Component: Account Manager → Account Manager
Product: Thunderbird → MailNews Core

Comment 5

4 years ago
Aha, so GetDefaultAccount checks for there being no account, but it doesn't account (pun intended) for the case of no incoming server.
(Assignee)

Comment 6

4 years ago
Should it then fail somewhere starting at http://hg.mozilla.org/releases/comm-esr17/annotate/5967074c61d4/mailnews/base/src/nsMsgAccountManager.cpp#l822?

Do we add a check of return value of account->GetIncomingServer ?

(I have not yet tested the extension so can't confirm the crash.)
(Assignee)

Comment 7

4 years ago
The attachment seems to be corrupt, not a zip file. Alexey, can you check it?
(Assignee)

Comment 8

4 years ago
Neil, what about changing NS_ADDREF to NS_IF_ADDREF ? The m_defaultAccount can still be null in the case here. I see from the file history that this was changed some time in the past, but not sure why.
Flags: needinfo?(neil)
(Assignee)

Comment 9

4 years ago
Alexey, are you able to build Thunderbird to test a C++ patch?
(Assignee)

Comment 10

4 years ago
Created attachment 725596 [details] [diff] [review]
patch

This prevents the crash for me. I made this scenario behave as when no account is found (in that case we return error, not NS_OK).
Assignee: nobody → acelists
Status: UNCONFIRMED → ASSIGNED
Ever confirmed: true
Attachment #725596 - Flags: review?(neil)
(Assignee)

Comment 11

4 years ago
I could reproduce the crash on Linux on trunk with the code from comment 0 put directly into TB.
Severity: normal → major
Keywords: crash, crashreportid, reproducible
OS: Windows 7 → All
Hardware: x86_64 → All
Severity: major → critical
(Reporter)

Comment 12

4 years ago
Created attachment 725979 [details]
Simple test extension2

I don't know why, but test extension attachment was corrupted. First 32 bytes were stripped off. Uploading correct version.
Comment on attachment 725338 [details]
Simple test extension

That was caused by a bug in the MIME type auto-detection routine (bug 848457).
Attachment #725338 - Attachment is obsolete: true
Flags: needinfo?(neil)
(Assignee)

Comment 14

4 years ago
You mean the attachment corruption, not the bug :)
(In reply to aceman from comment #8)
> Neil, what about changing NS_ADDREF to NS_IF_ADDREF ? The m_defaultAccount
> can still be null in the case here. I see from the file history that this
> was changed some time in the past, but not sure why.
I see there was an outstanding NEEDINFO that I accidentally cancelled, but then I noticed that your patch had switched to throwing an exception anyway, which is probably what I would have suggested.
(Reporter)

Comment 16

4 years ago
(In reply to :aceman from comment #9)
> Alexey, are you able to build Thunderbird to test a C++ patch?

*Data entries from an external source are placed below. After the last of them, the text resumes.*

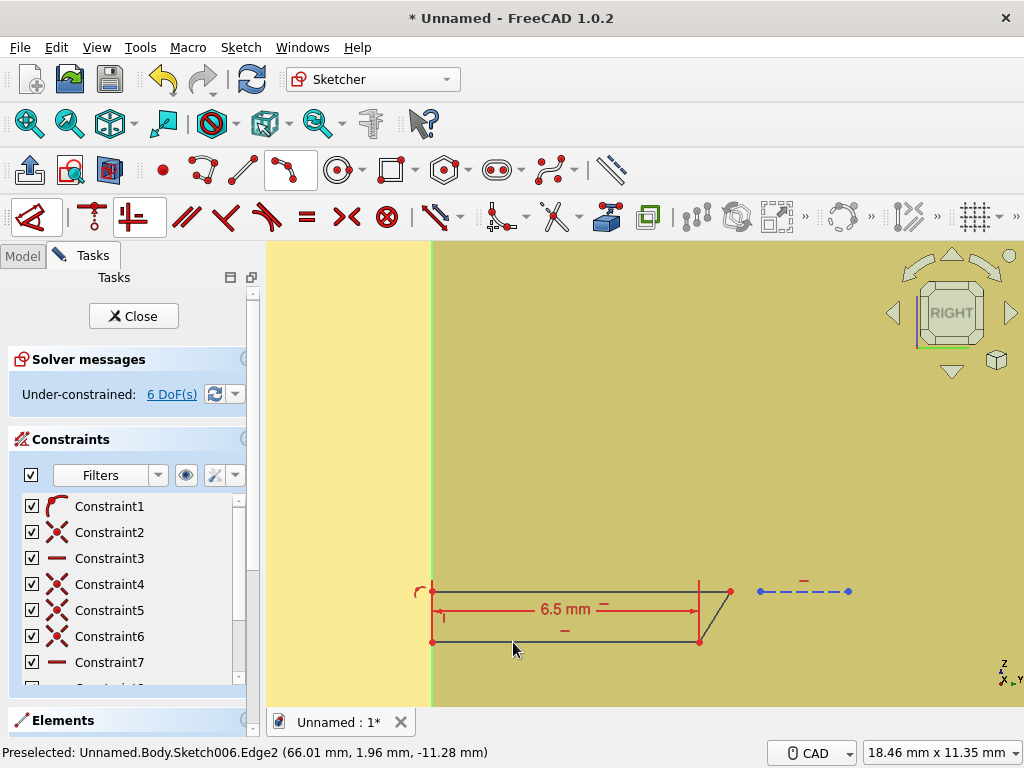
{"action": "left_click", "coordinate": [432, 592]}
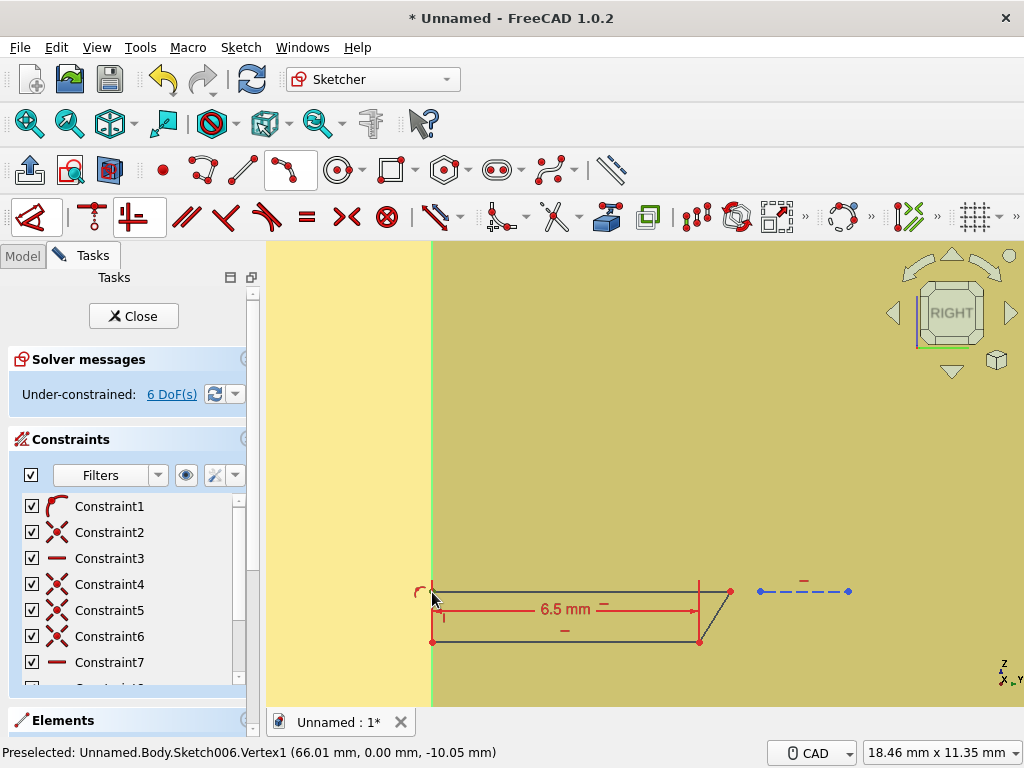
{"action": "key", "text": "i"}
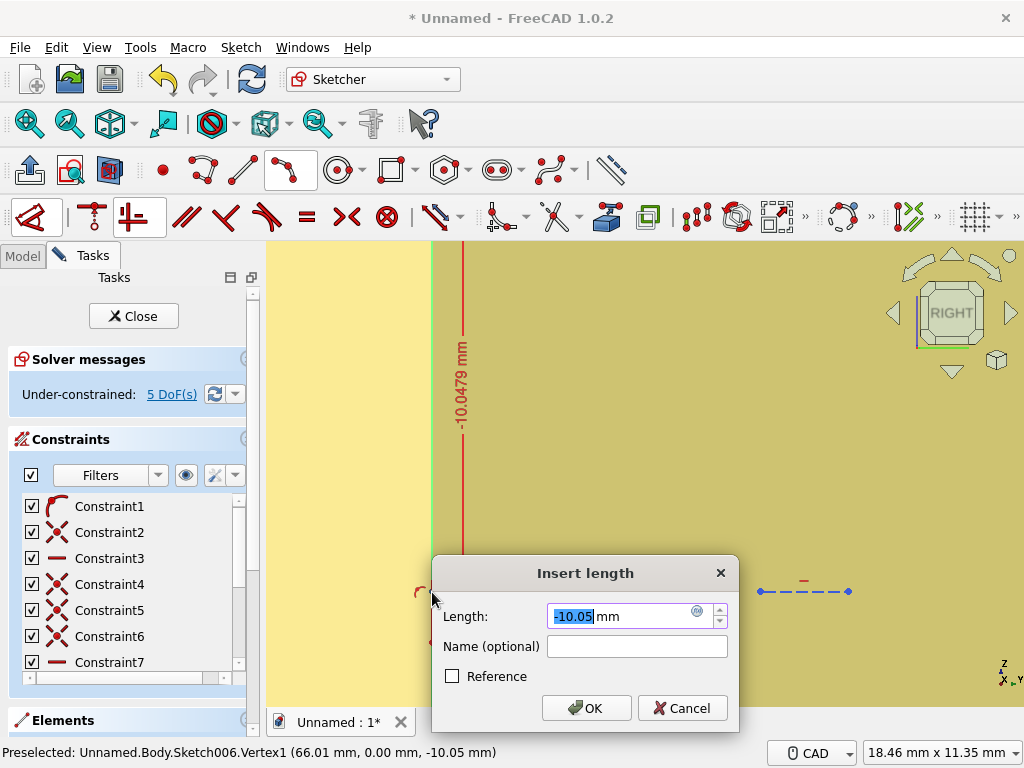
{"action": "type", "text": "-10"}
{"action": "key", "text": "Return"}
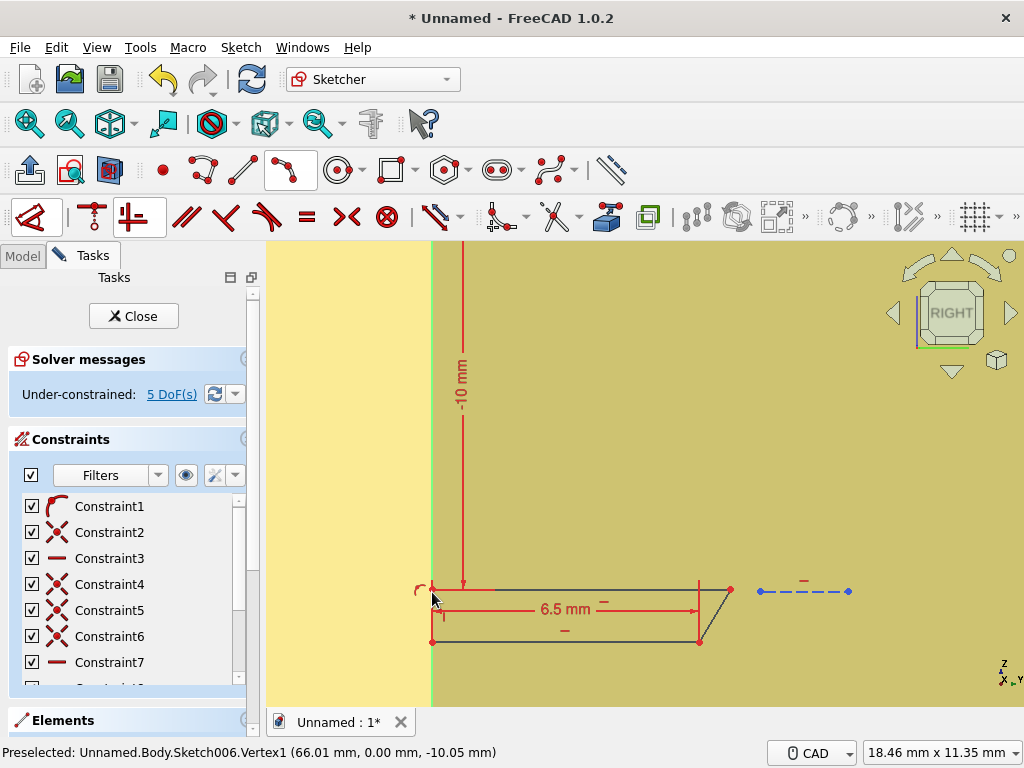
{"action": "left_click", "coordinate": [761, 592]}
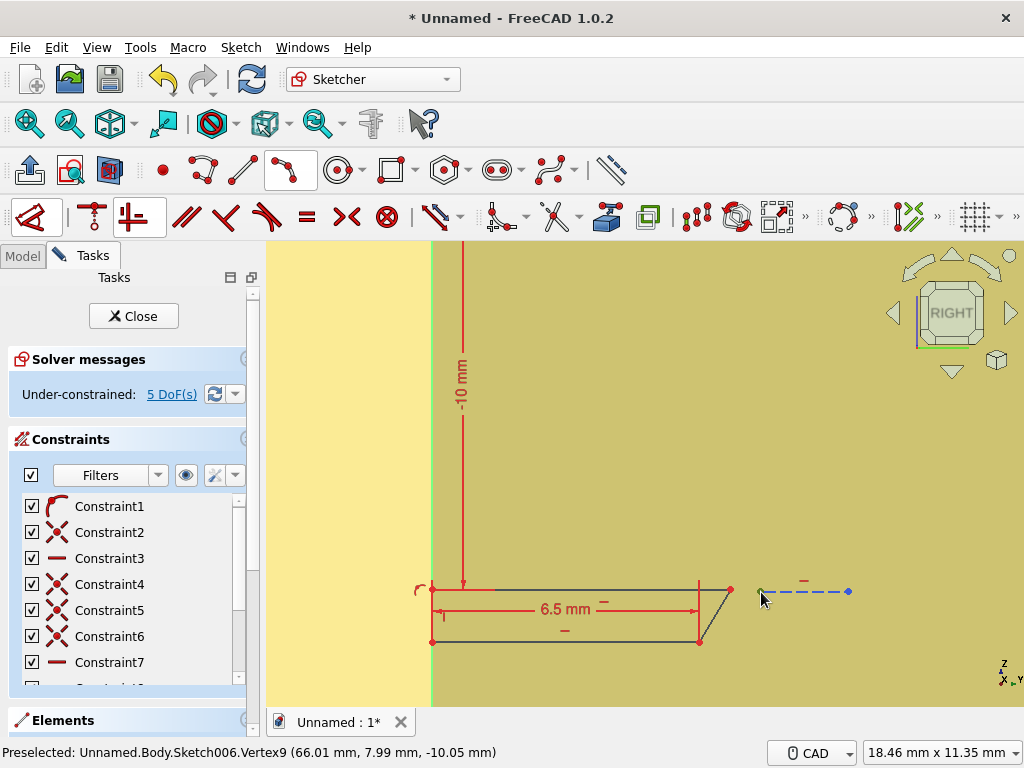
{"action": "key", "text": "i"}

I manually applied your patch to 17.0.3 and built it. It seems to work, no crashes on test extension. Also my real extension which creates mail accounts doesn't crash now, account created successfully.
(Assignee)

Comment 17

4 years ago
(In reply to neil@parkwaycc.co.uk from comment #15)
> I see there was an outstanding NEEDINFO that I accidentally cancelled, but
> then I noticed that your patch had switched to throwing an exception anyway,
> which is probably what I would have suggested.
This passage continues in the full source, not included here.